Provided records:
-----

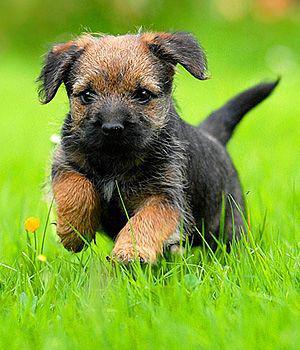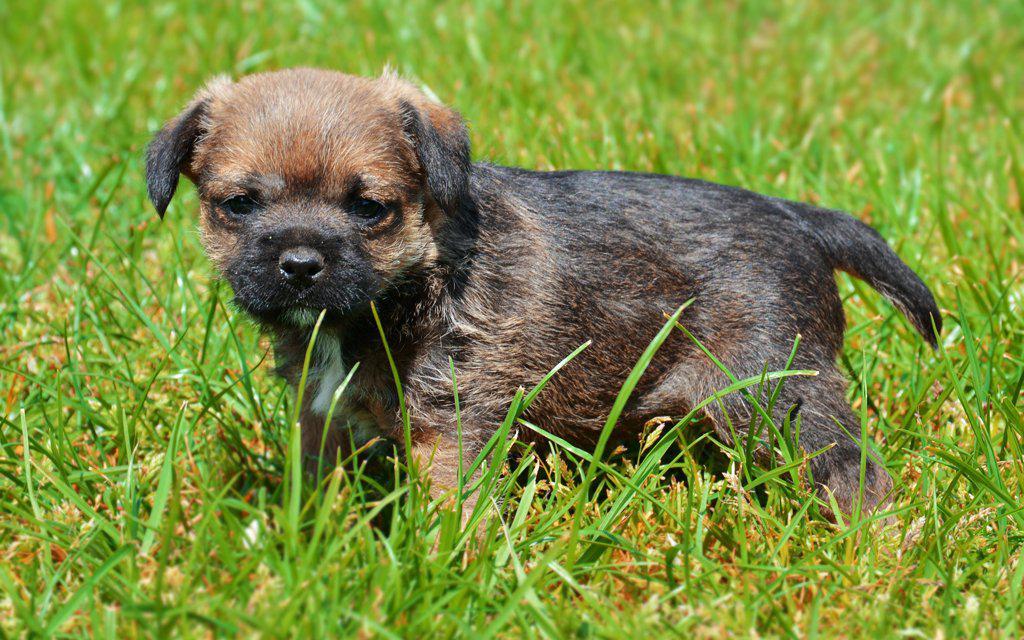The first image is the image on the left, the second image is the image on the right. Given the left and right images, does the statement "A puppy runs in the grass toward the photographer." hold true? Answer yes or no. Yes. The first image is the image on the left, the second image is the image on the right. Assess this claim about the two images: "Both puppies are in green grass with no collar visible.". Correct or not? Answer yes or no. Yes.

-----

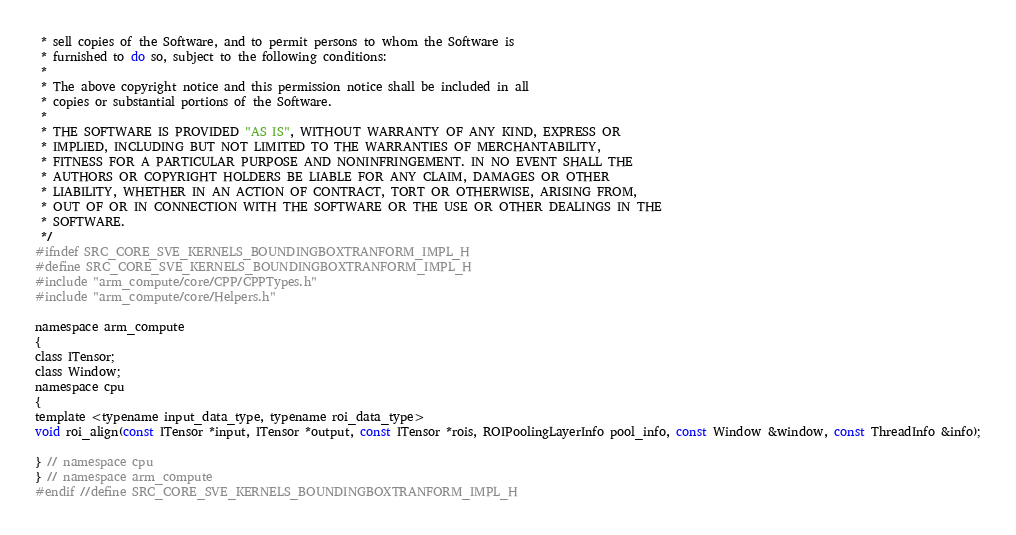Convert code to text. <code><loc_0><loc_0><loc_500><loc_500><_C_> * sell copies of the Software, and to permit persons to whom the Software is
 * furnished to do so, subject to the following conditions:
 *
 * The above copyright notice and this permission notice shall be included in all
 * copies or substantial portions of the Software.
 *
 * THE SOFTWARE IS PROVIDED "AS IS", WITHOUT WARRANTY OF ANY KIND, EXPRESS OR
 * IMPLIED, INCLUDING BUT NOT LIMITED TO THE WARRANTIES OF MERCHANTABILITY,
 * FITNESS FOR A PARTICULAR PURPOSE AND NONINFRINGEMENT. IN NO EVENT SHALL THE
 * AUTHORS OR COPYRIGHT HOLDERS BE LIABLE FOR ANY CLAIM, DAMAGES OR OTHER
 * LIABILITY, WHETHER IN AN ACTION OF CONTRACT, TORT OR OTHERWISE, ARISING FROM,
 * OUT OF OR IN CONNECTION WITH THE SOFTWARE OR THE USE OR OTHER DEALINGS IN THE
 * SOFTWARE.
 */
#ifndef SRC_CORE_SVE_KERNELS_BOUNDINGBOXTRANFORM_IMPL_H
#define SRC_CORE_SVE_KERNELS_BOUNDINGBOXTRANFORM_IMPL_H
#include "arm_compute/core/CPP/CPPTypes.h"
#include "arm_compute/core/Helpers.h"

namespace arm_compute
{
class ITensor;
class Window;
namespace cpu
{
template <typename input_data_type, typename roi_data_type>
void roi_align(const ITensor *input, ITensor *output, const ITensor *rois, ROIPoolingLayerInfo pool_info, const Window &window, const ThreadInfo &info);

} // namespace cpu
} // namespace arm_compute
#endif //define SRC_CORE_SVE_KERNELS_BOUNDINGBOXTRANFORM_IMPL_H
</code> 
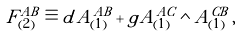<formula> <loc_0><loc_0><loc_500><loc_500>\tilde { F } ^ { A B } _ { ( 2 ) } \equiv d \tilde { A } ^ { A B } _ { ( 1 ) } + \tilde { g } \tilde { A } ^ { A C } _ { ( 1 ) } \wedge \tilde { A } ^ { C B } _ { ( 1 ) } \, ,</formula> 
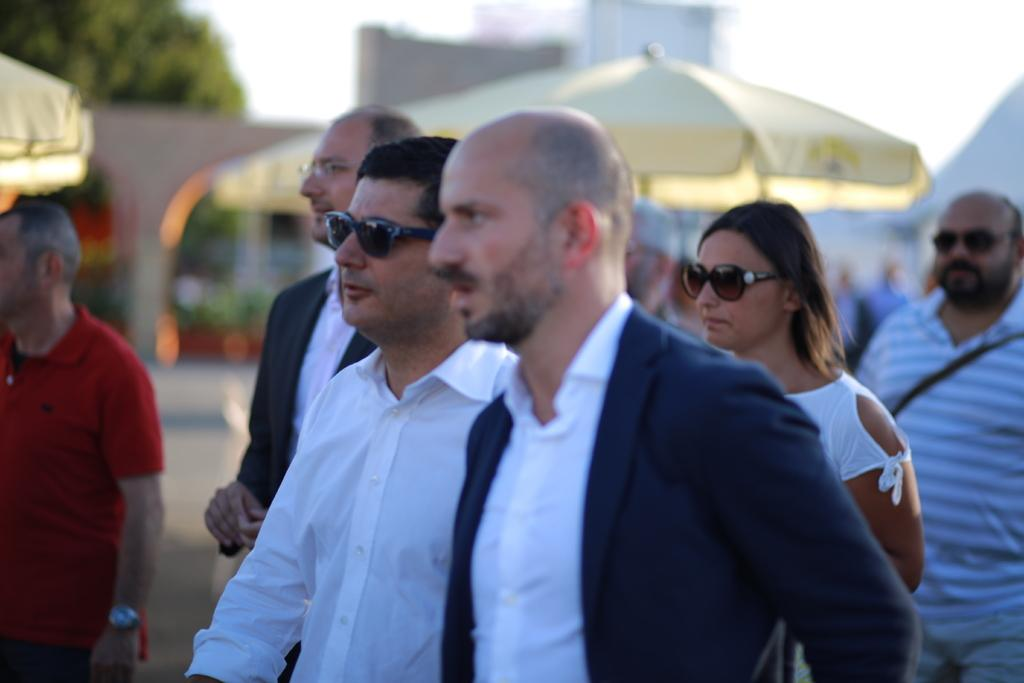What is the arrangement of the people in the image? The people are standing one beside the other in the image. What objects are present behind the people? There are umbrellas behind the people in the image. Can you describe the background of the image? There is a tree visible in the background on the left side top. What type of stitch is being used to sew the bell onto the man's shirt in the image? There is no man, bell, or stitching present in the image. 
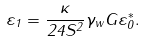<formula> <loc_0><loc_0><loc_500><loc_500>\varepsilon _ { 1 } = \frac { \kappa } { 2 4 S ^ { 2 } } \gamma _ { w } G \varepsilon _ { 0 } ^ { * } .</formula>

-----

What you will do: Look through the material above and pick out each line holding the word "namespace".

Response below:
namespace arm_compute
namespace cpu
} // namespace cpu
} // namespace arm_compute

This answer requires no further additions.